Local anonymized datasets were sent out to the National Center of Epidemiology, Carlos III Institute of Health (Madrid, Spain) to build the study’s database. Descriptive statistics (i.e. measures of central tendency and dispersion, proportions) were used to characterize the sample. The Shapiro-Francia test showed that the data were not normally distributed.

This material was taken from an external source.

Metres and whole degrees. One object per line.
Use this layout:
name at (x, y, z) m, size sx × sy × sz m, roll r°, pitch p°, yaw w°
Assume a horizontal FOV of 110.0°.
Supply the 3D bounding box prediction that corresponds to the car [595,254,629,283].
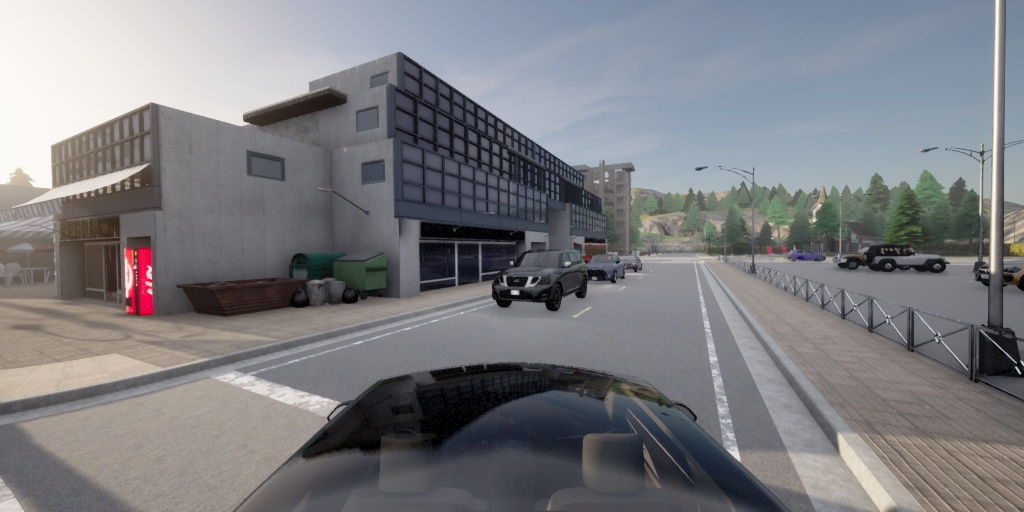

The frequency of each aspect of the disease assessed by the PDCS and the MDS-UPDRS was expressed by the percentage of patients with a score ≥1 (indicating presence of the manifestation). Given that in the PDCS there are items encompassing several items of the MDS-UPDRS, combined scores (sum) of the latter were calculated to compare with the corresponding scores of the PDCS. These combinations were: PDCS Motor examination-Bradykinesia: MDS-UPDRS Part III-Items 4, 5, 6, 7, 8, and 14; PDCS Motor examination-Tremor: MDS-UPDRS Part III-Items 15, 16, 17, and 18; PDCS Non-Motor symptoms-Depression/Anxiety: MDS-UPDRS Part I-Items 3 and 4; PDCS Treatment complications-Dyskinesias: MDS-UPDRS Part IV-Items 1 and 2; and PDCS Treatment complications-ON/OFF: MDS-UPDRS Part IV-Items 3 and 4.
The sample was categorized into subtypes (TD, PIGD, and Indeterminate) on the MDS-UPDRS scores, following the method proposed by Stebbins et al.¹⁹ Kruskal-Wallis equality-of-populations rank test was used to assess differences in the PDCS domains and total score among the three subtypes. In addition, a ratio between means of the PDCS items Tremor/(Gait + Balance/Postural instability + Freezing), similar to the ratio of the MDS-UPDRS used to determine the PD subtypes, was calculated. Next, this ratio was broken down according to the established MDS-UPDRS subtypes, by means of ROC analysis, to determine cut-off points and, subsequently, the subtypes based on the PDCS scores. The concordance and correlation between both subtype classifications (MDS-UPDRS- and PDCS-based) was examined by means of weighted kappa with quadratic weights, Kendall’s concordance and Spearman rank correlation coefficients. Considering the structural differences between the scales, it was hypothesized a moderate to high agreement of both classifications.
Severity categories (mild, moderate, and severe) were established in the sample according to the other scales in the study that had previously defined cut-off points for this classification (HY, CISI-PD, MDS-UPSDRS).^21,22 To determine cut-off points in the PDCS and subscales total scores to group the patients according to these severity levels, ROC analyses of the PDCS scores were applied in each of these scenarios. The cut-off points of the PDCS scores were identified as those with simultaneous maximum sensitivity and specificity between mild and moderate and between moderate and severe. Later, a comparison between the PDCS scores corresponding to the three severity levels established by the other scales was carried out (Kruskal-Wallis test).
The association between the PDCS (total score and domains) and the QoL (PDQ-39 components) was explored by means of the Spearman rank correlation coefficient. Coefficient values >0.50 were deemed strong association and 0.35-0.50, moderate correlation.³⁸ To establish the role of the PDCS subscales as determinants of the QoL, a multiple linear regression model was built with PDQ-39 SI as dependent variable and the PDCS subscales as independent variables. Multicollinearity among the independent variables was explored by correlation coefficients (r < 0.80) and postestimation variance inflation factor.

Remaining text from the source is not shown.